Four Foundational Questions

What Detection Methods Can Be Used Reliably?

Almost across the board, the first common need identified was the ability to detect that GenAI was, in fact, used to generate an output. Several methods exist that hold potential, but further study is needed to assess their reliability at scale.

In six of the seven scenarios discussed, the ability to detect AI-generated content was essential to the research question of measuring the change brought on by the technology’s use. This poses a challenge for measurements, as means for detecting AI-generated material are still emerging, and as such, the accuracy of existing detection methods remains contested.14 Currently, there are three main detection methods. The first two detect GenAI content after the output is created, while the third form of detection is enabled during the content creation process.

Both perceptual and computational methods of detection aim to identify the use of GenAI after content has been created.15 With the perceptual method, individuals rely on their perceptions to assess the authenticity of a piece of content. This can include detecting facial asymmetries or the alignment of eyes on AI-generated faces or noticing temporal inconsistencies between video frames and the accompanying audio.16 This puts the onus on consumers and investigators to detect AI-generated content, which will become increasingly tricky as output quality continues to improve.17 The computational method involves using technological methods to identify GenAI, through tools such as machine-learning classifiers or databases of inauthentic content. Both the perceptual and computational methods are of varying reliability and scalability.

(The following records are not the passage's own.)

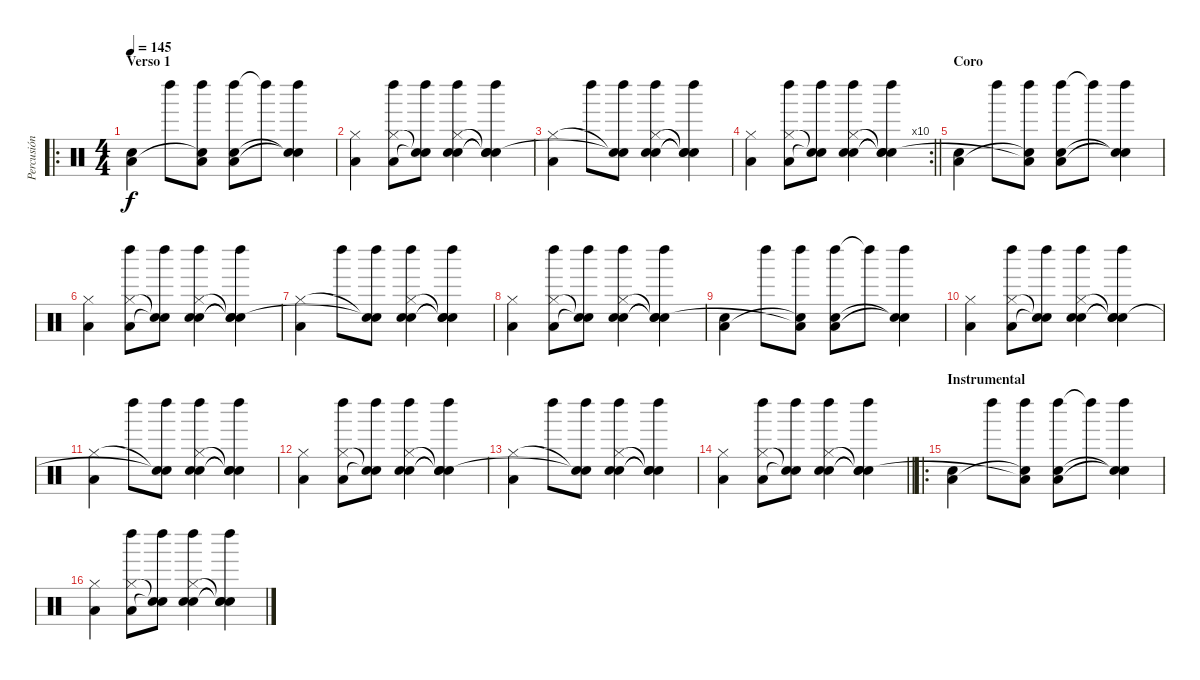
\track ("Percusión" "Percusión") {instrument percussion}
\staff {score}
\articulation defaults
\ro
\ts (4 4)
\section ("" "Verso 1")
\tempo 145
\clef neutral
\ks c
("Snare (hit) 2" "Low Floor Tom (hit)").4{dy f} "Left Maraca (hit)".8 ("Left Maraca (hit)" "Snare (hit)"{t} "Low Floor Tom (hit)").8 ("Left Maraca (hit)" "Snare (hit) 2" "Low Floor Tom (hit)").8 "Left Maraca (hit)"{t}.8 ("Left Maraca (hit)" "Snare (hit)"{t} "Snare (hit)"{t}).4 |
("Low Floor Tom (hit)" "Hi-Hat (closed)").4 ("Left Maraca (hit)" "Low Floor Tom (hit)" "Hi-Hat (closed)").8 ("Left Maraca (hit)" "Snare (hit)"{t} "Snare (hit)"{t}).8 ("Left Maraca (hit)" "Electric Snare (hit)" "Hi-Hat (closed)" "Snare (hit) 2").4 ("Left Maraca (hit)" "Snare (hit)"{t} "Snare (hit)"{t} "Snare (hit)"{t}).4 |
("Low Floor Tom (hit)" "Hi-Hat (closed)").4 "Left Maraca (hit)".8 ("Left Maraca (hit)" "Snare (hit)"{t} "Snare (hit)"{t}).8 ("Left Maraca (hit)" "Electric Snare (hit)" "Hi-Hat (closed)" "Snare (hit) 2").4 ("Left Maraca (hit)" "Snare (hit)"{t} "Snare (hit)"{t} "Snare (hit)"{t}).4 |
\rc 10
\barLineRight lightlight
("Low Floor Tom (hit)" "Hi-Hat (closed)").4 ("Left Maraca (hit)" "Low Floor Tom (hit)" "Hi-Hat (closed)").8 ("Left Maraca (hit)" "Snare (hit)"{t} "Snare (hit)"{t}).8 ("Left Maraca (hit)" "Electric Snare (hit)" "Hi-Hat (closed)" "Snare (hit) 2").4 ("Left Maraca (hit)" "Snare (hit)"{t} "Snare (hit)"{t} "Snare (hit)"{t}).4 |
\section ("" "Coro")
("Snare (hit) 2" "Low Floor Tom (hit)").4 "Left Maraca (hit)".8 ("Left Maraca (hit)" "Snare (hit)"{t} "Low Floor Tom (hit)"{t}).8 ("Left Maraca (hit)" "Snare (hit) 2" "Low Floor Tom (hit)").8 "Left Maraca (hit)"{t}.8 ("Left Maraca (hit)" "Snare (hit)"{t} "Snare (hit)"{t}).4 |
("Low Floor Tom (hit)" "Hi-Hat (closed)").4 ("Left Maraca (hit)" "Low Floor Tom (hit)" "Hi-Hat (closed)").8 ("Left Maraca (hit)" "Snare (hit)"{t} "Snare (hit)"{t}).8 ("Left Maraca (hit)" "Electric Snare (hit)" "Hi-Hat (closed)" "Snare (hit) 2").4 ("Left Maraca (hit)" "Snare (hit)"{t} "Snare (hit)"{t} "Snare (hit)"{t}).4 |
("Low Floor Tom (hit)" "Hi-Hat (closed)").4 "Left Maraca (hit)".8 ("Left Maraca (hit)" "Snare (hit)"{t} "Snare (hit)"{t}).8 ("Left Maraca (hit)" "Electric Snare (hit)" "Hi-Hat (closed)" "Snare (hit) 2").4 ("Left Maraca (hit)" "Snare (hit)"{t} "Snare (hit)"{t} "Snare (hit)"{t}).4 |
("Low Floor Tom (hit)" "Hi-Hat (closed)").4 ("Left Maraca (hit)" "Low Floor Tom (hit)" "Hi-Hat (closed)").8 ("Left Maraca (hit)" "Snare (hit)"{t} "Snare (hit)"{t}).8 ("Left Maraca (hit)" "Electric Snare (hit)" "Hi-Hat (closed)" "Snare (hit) 2").4 ("Left Maraca (hit)" "Snare (hit)"{t} "Snare (hit)"{t} "Snare (hit)"{t}).4 |
("Snare (hit) 2" "Low Floor Tom (hit)").4 "Left Maraca (hit)".8 ("Left Maraca (hit)" "Snare (hit)"{t} "Low Floor Tom (hit)"{t}).8 ("Left Maraca (hit)" "Snare (hit) 2" "Low Floor Tom (hit)").8 "Left Maraca (hit)"{t}.8 ("Left Maraca (hit)" "Snare (hit)"{t} "Snare (hit)"{t}).4 |
("Low Floor Tom (hit)" "Hi-Hat (closed)").4 ("Left Maraca (hit)" "Low Floor Tom (hit)" "Hi-Hat (closed)").8 ("Left Maraca (hit)" "Snare (hit)"{t} "Snare (hit)"{t}).8 ("Left Maraca (hit)" "Electric Snare (hit)" "Hi-Hat (closed)" "Snare (hit) 2").4 ("Left Maraca (hit)" "Snare (hit)"{t} "Snare (hit)"{t} "Snare (hit)"{t}).4 |
("Low Floor Tom (hit)" "Hi-Hat (closed)").4 "Left Maraca (hit)".8 ("Left Maraca (hit)" "Snare (hit)"{t} "Snare (hit)"{t}).8 ("Left Maraca (hit)" "Electric Snare (hit)" "Hi-Hat (closed)" "Snare (hit) 2").4 ("Left Maraca (hit)" "Snare (hit)"{t} "Snare (hit)"{t} "Snare (hit)"{t}).4 |
("Low Floor Tom (hit)" "Hi-Hat (closed)").4 ("Left Maraca (hit)" "Low Floor Tom (hit)" "Hi-Hat (closed)").8 ("Left Maraca (hit)" "Snare (hit)"{t} "Snare (hit)"{t}).8 ("Left Maraca (hit)" "Electric Snare (hit)" "Hi-Hat (closed)" "Snare (hit) 2").4 ("Left Maraca (hit)" "Snare (hit)"{t} "Snare (hit)"{t} "Snare (hit)"{t}).4 |
("Low Floor Tom (hit)" "Hi-Hat (closed)").4 "Left Maraca (hit)".8 ("Left Maraca (hit)" "Snare (hit)"{t} "Snare (hit)"{t}).8 ("Left Maraca (hit)" "Electric Snare (hit)" "Hi-Hat (closed)" "Snare (hit) 2").4 ("Left Maraca (hit)" "Snare (hit)"{t} "Snare (hit)"{t} "Snare (hit)"{t}).4 |
\barLineRight lightlight
("Low Floor Tom (hit)" "Hi-Hat (closed)").4 ("Left Maraca (hit)" "Low Floor Tom (hit)" "Hi-Hat (closed)").8 ("Left Maraca (hit)" "Snare (hit)"{t} "Snare (hit)"{t}).8 ("Left Maraca (hit)" "Electric Snare (hit)" "Hi-Hat (closed)" "Snare (hit) 2").4 ("Left Maraca (hit)" "Snare (hit)"{t} "Snare (hit)"{t} "Snare (hit)"{t}).4 |
\ro
\section ("" "Instrumental")
("Snare (hit) 2" "Low Floor Tom (hit)").4 "Left Maraca (hit)".8 ("Left Maraca (hit)" "Snare (hit)"{t} "Low Floor Tom (hit)"{t}).8 ("Left Maraca (hit)" "Snare (hit) 2" "Low Floor Tom (hit)").8 "Left Maraca (hit)"{t}.8 ("Left Maraca (hit)" "Snare (hit)"{t} "Snare (hit)"{t}).4 |
("Low Floor Tom (hit)" "Hi-Hat (closed)").4 ("Left Maraca (hit)" "Low Floor Tom (hit)" "Hi-Hat (closed)").8 ("Left Maraca (hit)" "Snare (hit)"{t} "Snare (hit)"{t}).8 ("Left Maraca (hit)" "Electric Snare (hit)" "Hi-Hat (closed)" "Snare (hit) 2").4 ("Left Maraca (hit)" "Snare (hit)"{t} "Snare (hit)"{t} "Snare (hit)"{t}).4

The third common approach focuses on identifying the provenance of content, attempting to tie the output to its progenitor. A commonly proposed approach includes adding a label or watermark to verify that a piece of content is AI-generated. This incorporates a provenance-based approach into synthetic pipelines, adding digital watermarking into AI-generated content so that it can be traced back to a specific engine. Another approach involves developing provenance methods for showing that a piece of media is not AI-generated and is what it claims to be.18 The provenance of non-AI-generated content is exemplified by the Content Authenticity Initiative, which has created an end-to-end technical specification to validate authentic content. The initiative plans to help third-party individuals and organizations adopt Content Credentials-enabled capture devices and applications, which can cryptographically hash recorded content and its optional metadata. This data will then be stored on a centralized trust list. When a user interacts with the media, a publisher that uses the protocol can validate content provenance and show that it is authentic.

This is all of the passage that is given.